Intuit has "10% time," which means they can spend 10% of their time creating whatever they want. After the CEO declared that mobile was key to the company's future, a team on 10% time created multiple mobile apps before the official mobile project had even been funded.
Mastery
Mastery is our desire to get better at stuff. It's inherently satisfying. Harvard Business School research has shown that the single biggest motivator for employees is making progress. And that applies to open source--you can make a contribution, do something that matters, and see the results of that.
Inside most organizations, great work can be lost. Making progress can be difficult just because of the structure of the company. Progress depends on feedback, and the workplace is often feedback deprived.
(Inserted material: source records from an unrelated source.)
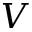Convert formula to latex. <formula><loc_0><loc_0><loc_500><loc_500>V</formula> 
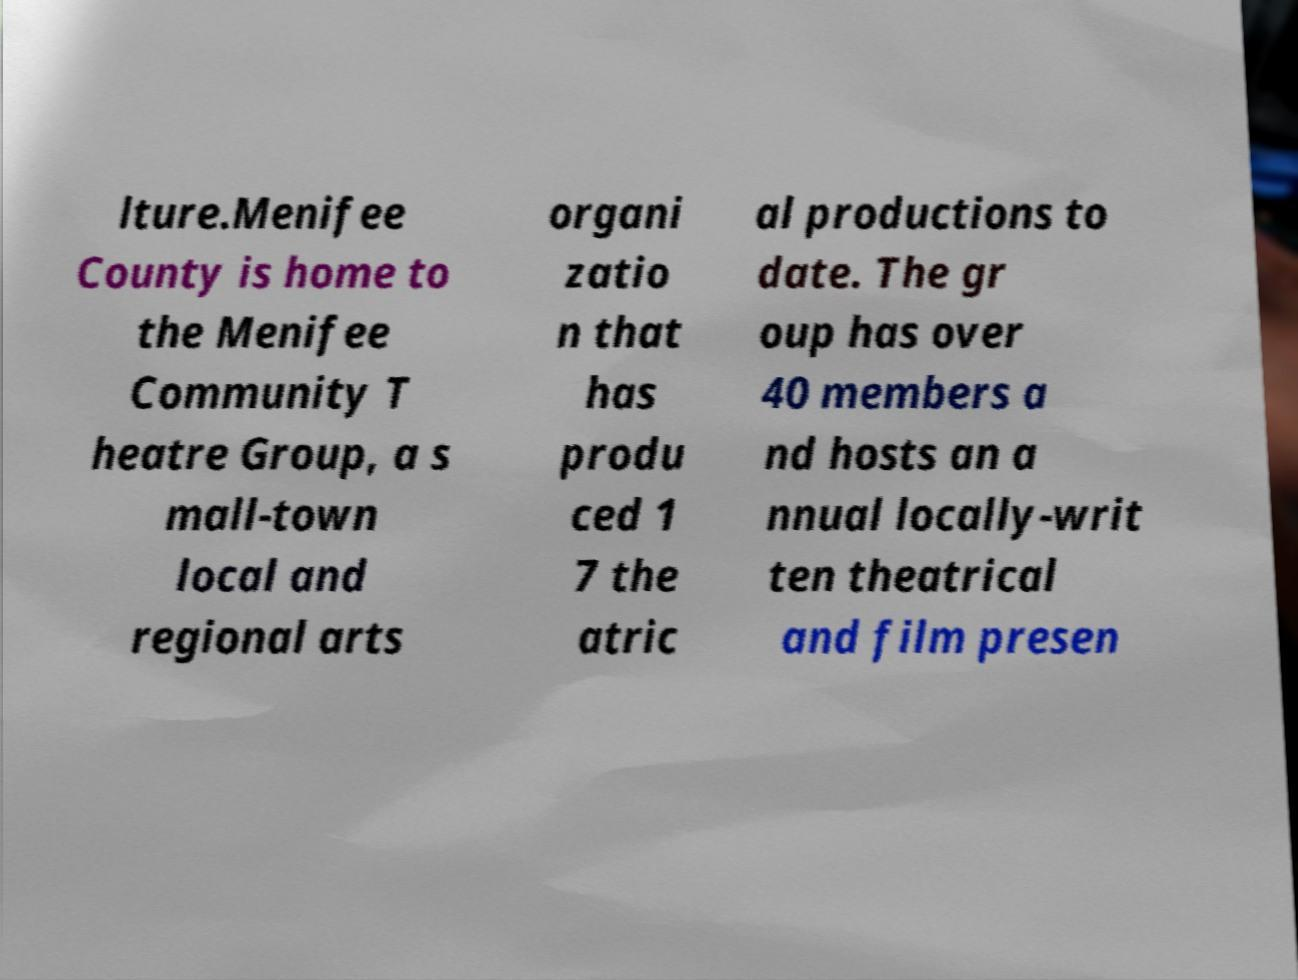Can you read and provide the text displayed in the image?This photo seems to have some interesting text. Can you extract and type it out for me? lture.Menifee County is home to the Menifee Community T heatre Group, a s mall-town local and regional arts organi zatio n that has produ ced 1 7 the atric al productions to date. The gr oup has over 40 members a nd hosts an a nnual locally-writ ten theatrical and film presen 
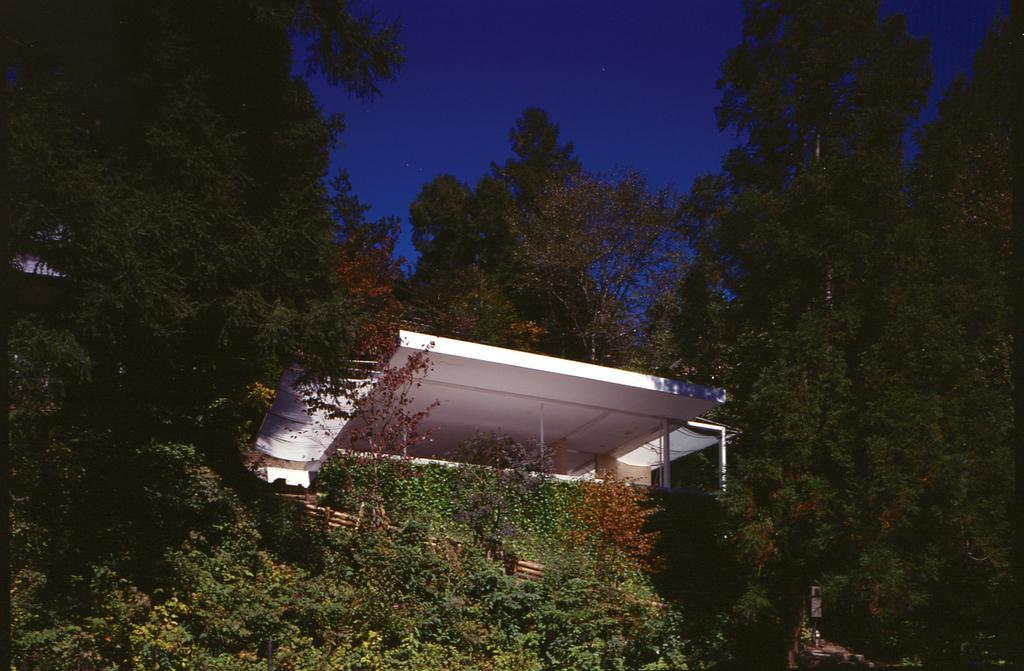Please provide a concise description of this image. In this image I can see a shed in white color. Background I can see trees in green color and sky in blue color. 
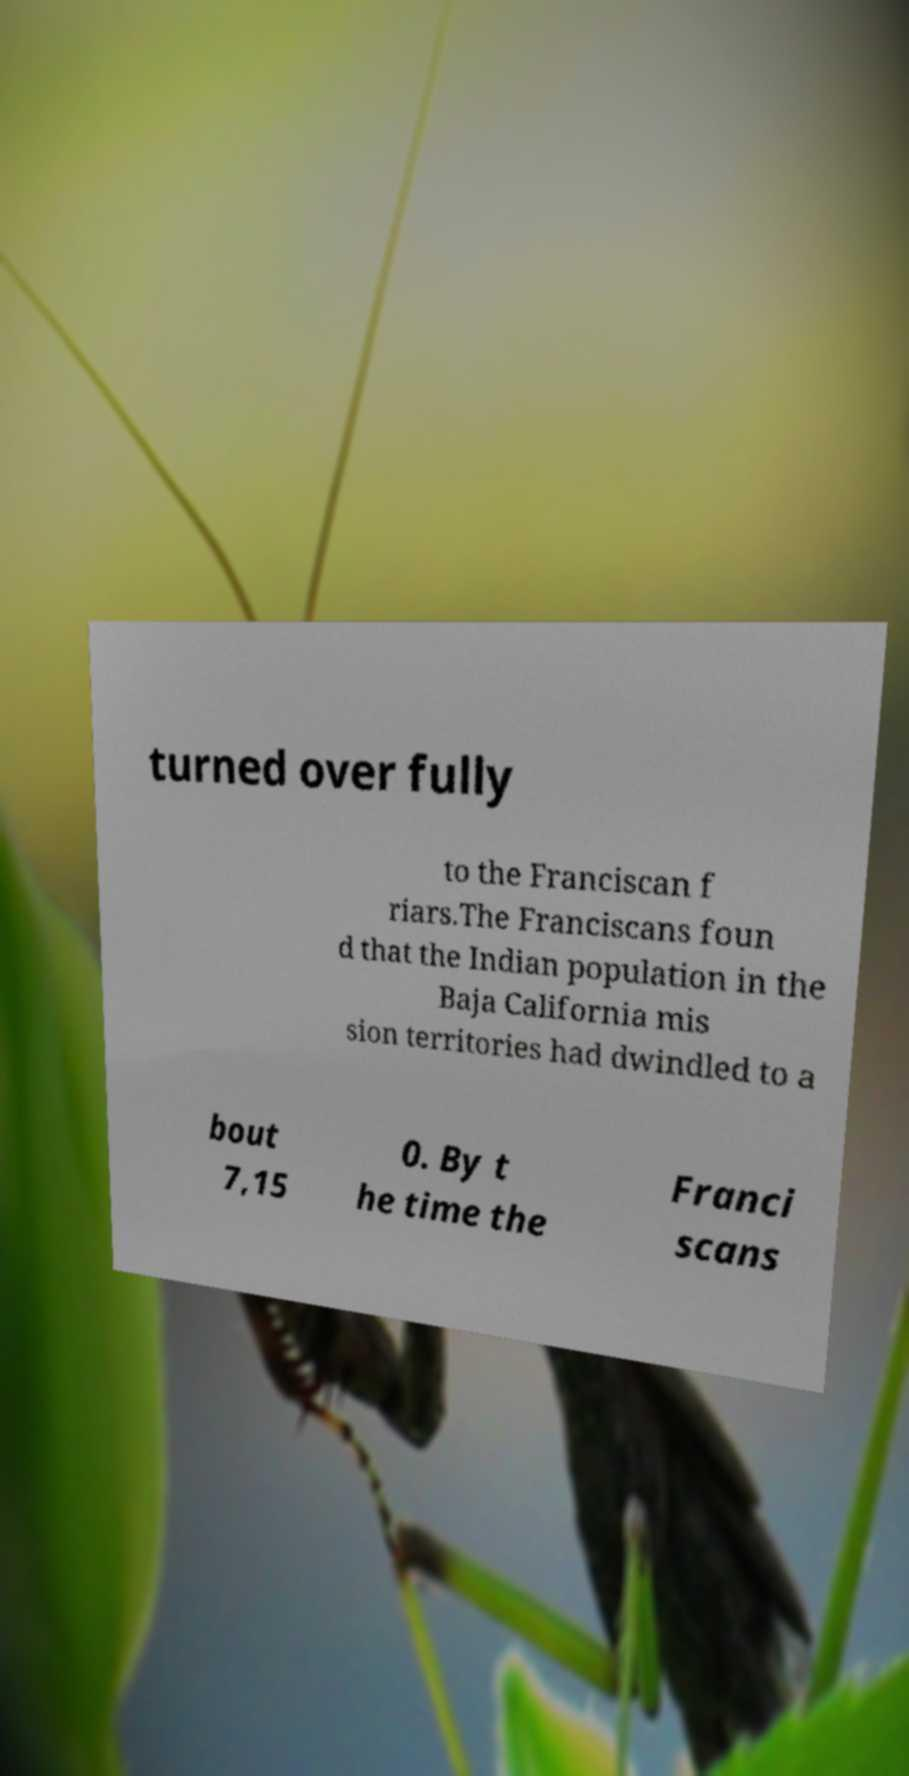Please read and relay the text visible in this image. What does it say? turned over fully to the Franciscan f riars.The Franciscans foun d that the Indian population in the Baja California mis sion territories had dwindled to a bout 7,15 0. By t he time the Franci scans 
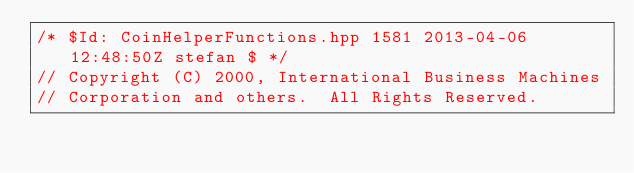<code> <loc_0><loc_0><loc_500><loc_500><_C++_>/* $Id: CoinHelperFunctions.hpp 1581 2013-04-06 12:48:50Z stefan $ */
// Copyright (C) 2000, International Business Machines
// Corporation and others.  All Rights Reserved.</code> 
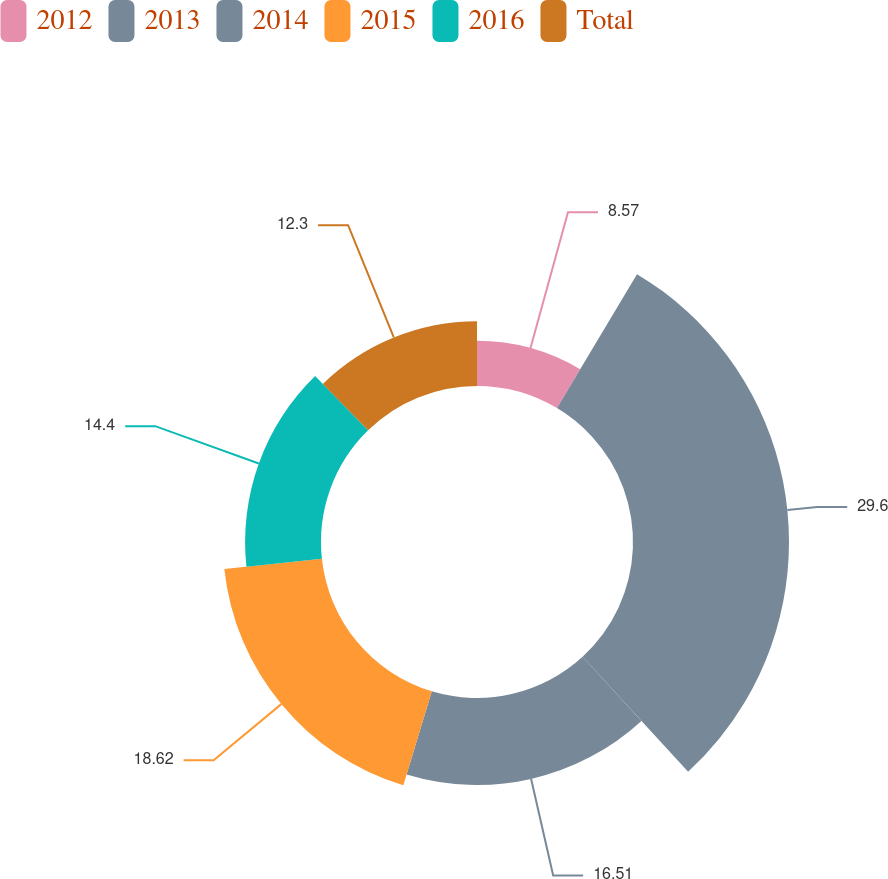Convert chart to OTSL. <chart><loc_0><loc_0><loc_500><loc_500><pie_chart><fcel>2012<fcel>2013<fcel>2014<fcel>2015<fcel>2016<fcel>Total<nl><fcel>8.57%<fcel>29.6%<fcel>16.51%<fcel>18.62%<fcel>14.4%<fcel>12.3%<nl></chart> 
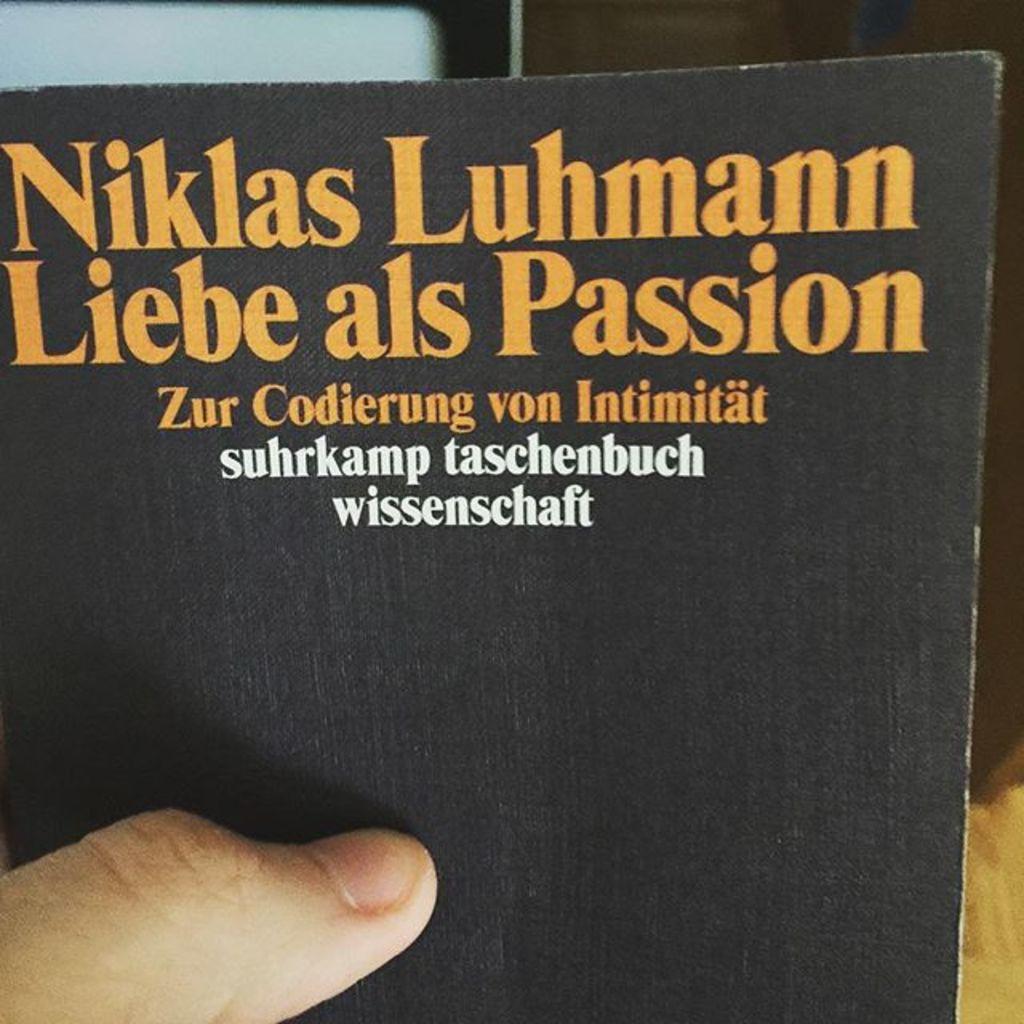What is the title of this book?
Make the answer very short. Niklas luhmann liebe als passion. What is the word written yellow that is also a english word?
Ensure brevity in your answer.  Passion. 
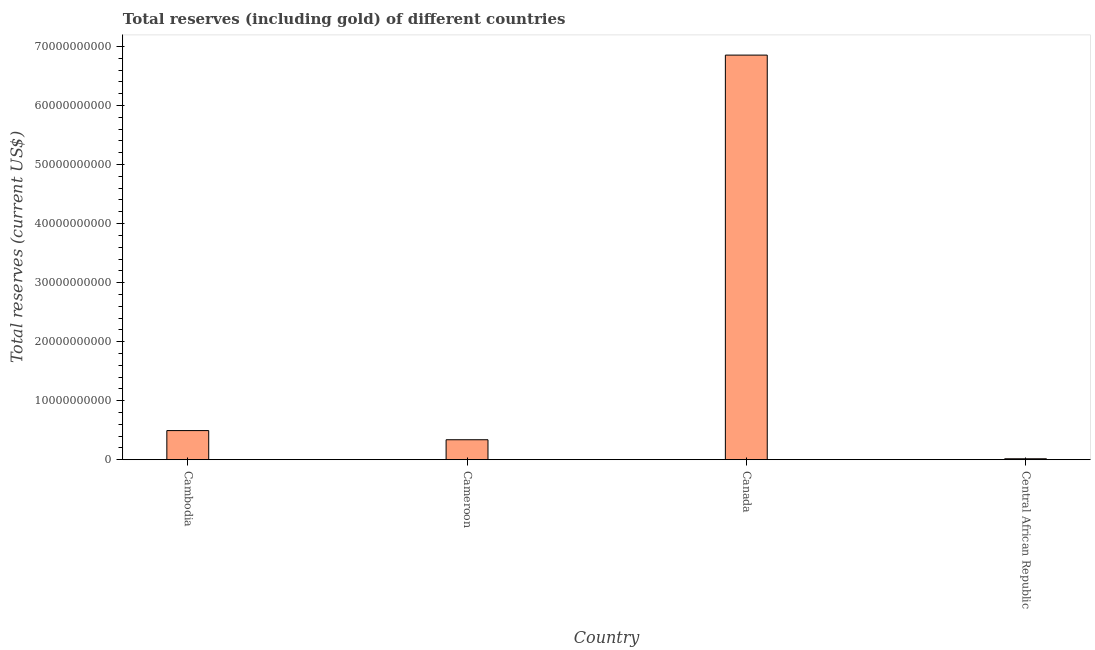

The rest of our lives are rich in feedback, but at work, you generally get it once a year in an annual review. Nobody successfully improves on feedback that comes only once a year.
Some companies are experimenting with peer-to-peer feedback, either in the form of reviews or cash rewards for good work.
Purpose
People do what they do better when they know why they're doing it. Giving people just a simple reminder of why they're doing something can significantly improve performance.
Open source projects from Linux to Apache to the smallest open source ventures are very much grounded in all of these principles. People can choose the directions of their own lives, get feedback, and do it all with a sense of purpose.
"I really think that open source offers a lot of clues for how to run non-open-source companies better," Pink said. "It points us to a future that's going to be more efficient and better in every respect."